Manages the interaction with a single game environment.

This class provides methods to connect to a game server, reset the environment, send actions, and receive observations, rewards, and game status.

Attributes:

Name	Type	Description
`connection`	`Optional[ClientConnection]`	The active connection, if established.
`done`	`bool`	A boolean indicating if the current game episode has finished.
`score`	`Optional[float]`	The final score of the game episode, available when `done` is True.

Source code in ah2ac2/evaluation/evaluation_environment.py

class EvaluationEnvironment:
    """
    Manages the interaction with a single game environment.

    This class provides methods to connect to a game server, reset the environment,
    send actions, and receive observations, rewards, and game status.

    Attributes:
        connection: The active connection, if established.
        done: A boolean indicating if the current game episode has finished.
        score: The final score of the game episode, available when `done` is True.
    """
    def __init__(self, connection_url: str):
        """
        Initializes the EvaluationEnvironment with a connection URL.
        """
        self.socket_url = f"wss://{connection_url}"

        self.connection: Optional[ClientConnection] = None
        self.done: bool = False
        self.score: Optional[float] = None

        self._info: EnvironmentInfo | None = None
        self.__candidate_controlling: list[str] | None = None

    @property
    def info(self) -> EnvironmentInfo:
        """
        Provides static information about the environment.

        Raises:
            RuntimeError: If the environment has not been reset yet (i.e., no info received).

        Returns:
            An `EnvironmentInfo` object containing details like number of players,
            controlled agents, debug status, and game ID.
        """
        if self._info is None:
            raise RuntimeError("First reset environment.")
        return self._info

    async def reset(self):
        """
        Establishes a connection with the server and retrieves the initial state.

        This method connects to the game server, receives the initial observation,
        legal moves, and environment information.

        Raises:
            RuntimeError: If the environment is already active (connection exists).
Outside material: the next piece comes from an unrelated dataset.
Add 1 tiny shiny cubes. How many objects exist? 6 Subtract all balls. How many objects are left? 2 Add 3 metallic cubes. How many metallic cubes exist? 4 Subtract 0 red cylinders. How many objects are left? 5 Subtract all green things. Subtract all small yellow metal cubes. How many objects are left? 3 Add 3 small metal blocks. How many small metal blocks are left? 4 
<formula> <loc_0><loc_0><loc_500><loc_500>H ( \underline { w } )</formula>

It is not possible to have two connections to the server at the same time using the same object.
            RuntimeError: If the server returns an error during connection or initial payload.

        Returns:
            A tuple `(obs, legal_moves)`:
                - `obs`: A dictionary mapping agent IDs to their initial observations (as JAX arrays).
                - `legal_moves`: A dictionary mapping agent IDs to their initial legal moves (as JAX arrays).
        """
        if self.connection is not None:
            raise RuntimeError("Environment is already active.")
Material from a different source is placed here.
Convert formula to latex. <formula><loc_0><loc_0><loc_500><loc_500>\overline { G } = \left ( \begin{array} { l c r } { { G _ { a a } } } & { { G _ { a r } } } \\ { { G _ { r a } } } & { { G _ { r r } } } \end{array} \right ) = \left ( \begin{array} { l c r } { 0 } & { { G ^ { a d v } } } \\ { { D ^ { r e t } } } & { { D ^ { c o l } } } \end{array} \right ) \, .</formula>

        self.connection = await connect(
            self.socket_url,
            open_timeout=60,
            ping_interval=10,
            ping_timeout=60,
        )
        # Discard handshake.
        _ = await self.connection.recv()
        logging.info("Connection with the server established.")

        # Get first payload.
        response = json.loads(await self.connection.recv())
        if "error_details" in response:
            raise RuntimeError(response["error_details"])

        self._info = EnvironmentInfo(**response["info"])
        self.__candidate_controlling = response["info"]["candidate_controlling"]

        obs, legal_moves = {}, {}
        for agent_name, values in response.items():
            if agent_name == "info":
                continue
            obs[agent_name] = jnp.array(values["obs"])
            legal_moves[agent_name] = jnp.array(values["legal_moves"])

        # Prepare env.
        self.done = False
        self.score = None
        return obs, legal_moves

    async def step(self, actions: dict[str, int]):
        """
        Sends actions to the environment and receives the next state.

        Args:
            actions: A dictionary mapping agent IDs (controlled by the candidate) to their chosen actions (integers).

        Raises:
            RuntimeError: If the game is already done.
            RuntimeError: If the environment has not been reset yet (no connection).
            RuntimeError: If the server returns an error in response to the actions.

        Returns:
            A tuple `(obs, score, done, legal_moves)`:
                - `obs`: A dictionary mapping agent IDs to their new observations (as JAX arrays).
                - `score`: The current score of the game (float). This is the final score if `done` is True.
                - `done`: A boolean indicating if the game episode has finished.
                - `legal_moves`: A dictionary mapping agent IDs to their new legal moves (as JAX arrays).
        """
        if self.done:
            raise RuntimeError("Game is done. Reset environment first.")
        if self.connection is None:
            raise RuntimeError("First reset environment.")

        await self.connection.send(json.dumps(actions))

        response = json.loads(await self.connection.recv())
        if "error_details" in response:
            raise RuntimeError(response["error_details"])

        obs, legal_moves = {}, {}
        for key, values in response.items():
            if key not in self.__candidate_controlling:
                continue
            obs[key] = jnp.array(values["obs"])
            legal_moves[key] = jnp.array(values["legal_moves"])

        self.done = response["done"]
        self.score = response["score"]

        if self.done:
            await self.connection.close()
            self.connection = None

        return obs, self.score, self.done, legal_moves

`init(connection_url: str)`

Initializes the EvaluationEnvironment with a connection URL.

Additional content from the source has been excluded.